The court instructed the jury, refusing a peremptory instruction for the appellant, defining total and permanent disability, and also told the jury that if they believed the insured at any time in the future would be able to engage in any gainful occupation, within the scope of his ability, no matter what occupation it may be, then your verdict should be for the defendant. The jury returned a verdict for the appellee for the amount sued for, with interest, 12 per cent. penalty and attorney's fee, and from the judgment thereon this appeal is prosecuted. (after stating the facts). It is not questioned that the certificates were issued under the group policies to appellant and were both in force at the time he sustained the injury which necessitated the amputation of his left leg below the knee. The accidental dismemberment *11 policy provided that the loss of one foot, the severance at or above the ankle, should entitle the insured to $500, and appellee presented a claim under this certificate soon after the accident, and the same was paid by the company.

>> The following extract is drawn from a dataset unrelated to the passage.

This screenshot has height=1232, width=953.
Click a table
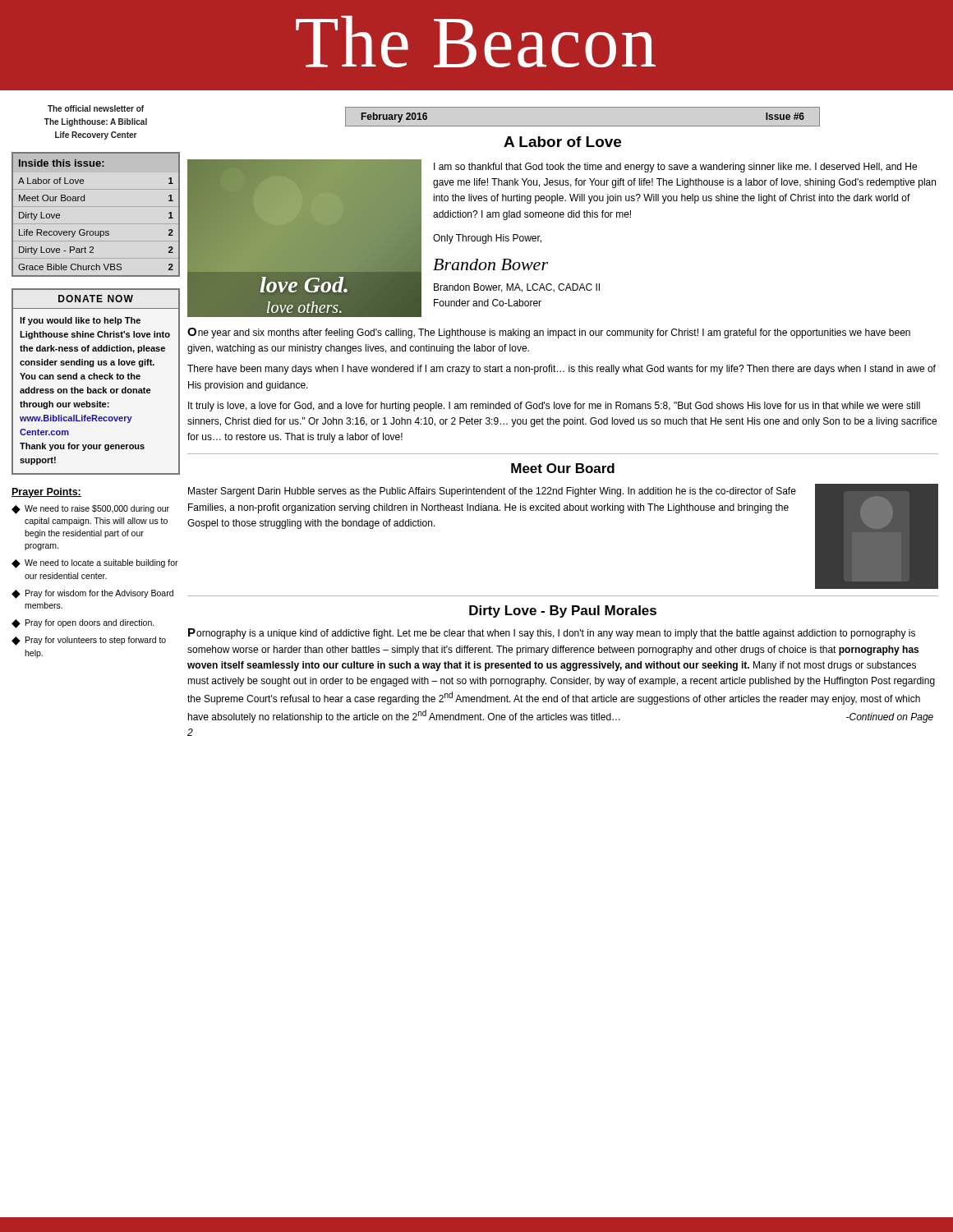coord(96,214)

Subsequently, appellee presented a claim under the certificate which provided benefits in the event of total and permanent disability. The appellant denied the claim because it did not consider the insured totally and permanently disabled within the meaning of the provisions of the policy hereinabove set out.

The policy by its terms did not provide occupational insurance, or that the insurer would become liable if the insured became unable to perform the duties of his occupation of brakeman; but provided that insured, to be entitled to recover under said certificate, must show that he "is unable to perform any work for any kind of compensation of financial value during the remainder of his lifetime."

There is no doubt about the injury suffered by the insured being permanent; and appellant's only insistence is that the testimony is insufficient to support the allegation that said injury is total. It will suffice to say, however, that the instructions given by the court are not complained of here, and were in accordance with the doctrines of this court as announced in Industrial Mutual Indemnity Co. v. Hawkins, 94 Ark. 417, 127 S.W. 457; Aetna Life Ins. Co. v. Phifer, 160 Ark. 98, 254 S.W. 335; Aetna Life Ins. Co. v. Spencer, 182 Ark. 496, 32 S.W.2d 310; and Mutual Benefit Health Accident Ass'n v. Bird, 185 Ark. 445, 47 S.W.2d 812.

Insured testified that he was 47 years of age; that his leg was amputated about 9 inches below the knee joint; that he was unable to perform any kind of work for gain or profit; that he had railroaded all his life and had no knowledge of any other vocation nor sufficient education or training to follow any profession.

It is true the disability or injury suffered by the insured did not constitute of itself a total and permanent disability within the express provisions of the policy, but *12 said policy also provides: "If any person insured under this policy shall become totally and permanently disabled, either physically or mentally, from any cause whatsoever, etc., * * * the company, upon receipt of due proof of such disability, will grant the following benefits:" Said policy also recognizes certain injuries to be permanent and total disabilities.

The jury had the insured before it, saw his condition and necessarily knew somewhat about the question of his disability from its own information and experience acquired through association with its fellowmen; and under our Constitution it was exclusively within the jury's province to determine the question under the circumstances of this case. Having done so, and there being material testimony to support its verdict, the judgment thereon will not be disturbed. Affirmed.

SMITH, McHANEY and BUTLER, J.J., dissent.